Images don't belong in the copy. Output the rest of the data exactly.

Records from a data source
::::

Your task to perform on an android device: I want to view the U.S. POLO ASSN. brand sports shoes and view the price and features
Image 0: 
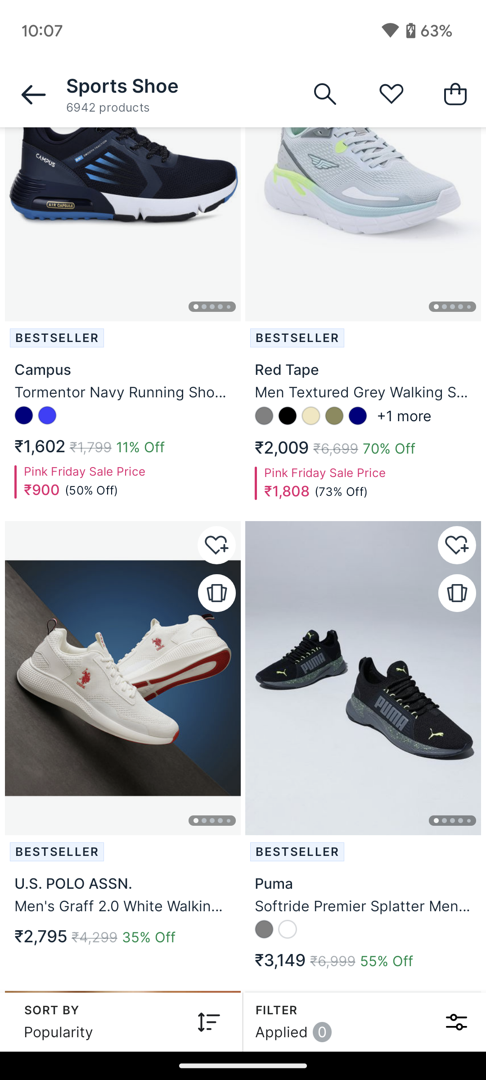
Click on the us polo assn white shoes
Step 0: click (146, 639)
Image 1: 
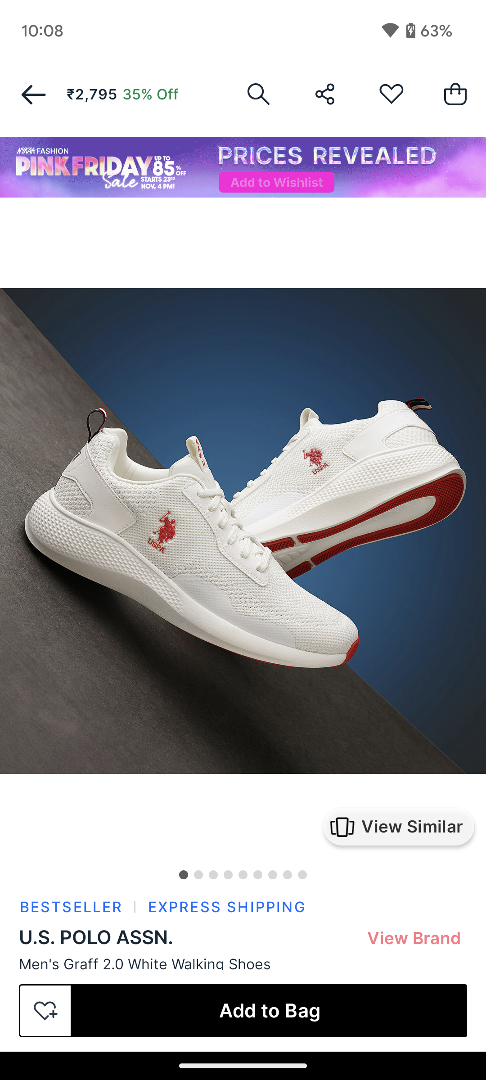
Scroll up to view the price 
Step 1: scroll down
Image 2: 
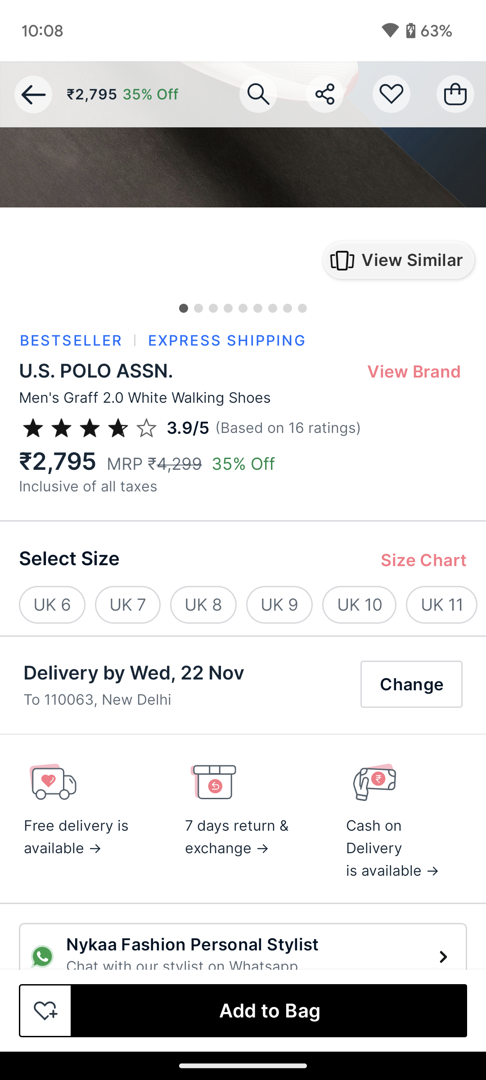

::::

### Answer space
Your task to perform on an android device: I want to view the U.S. POLO ASSN. brand sports shoes and view the price and features
Image 0: 
Click on the us polo assn white shoes
Step 0: click (146, 639)
Image 1: 
Scroll up to view the price 
Step 1: scroll down
Image 2: 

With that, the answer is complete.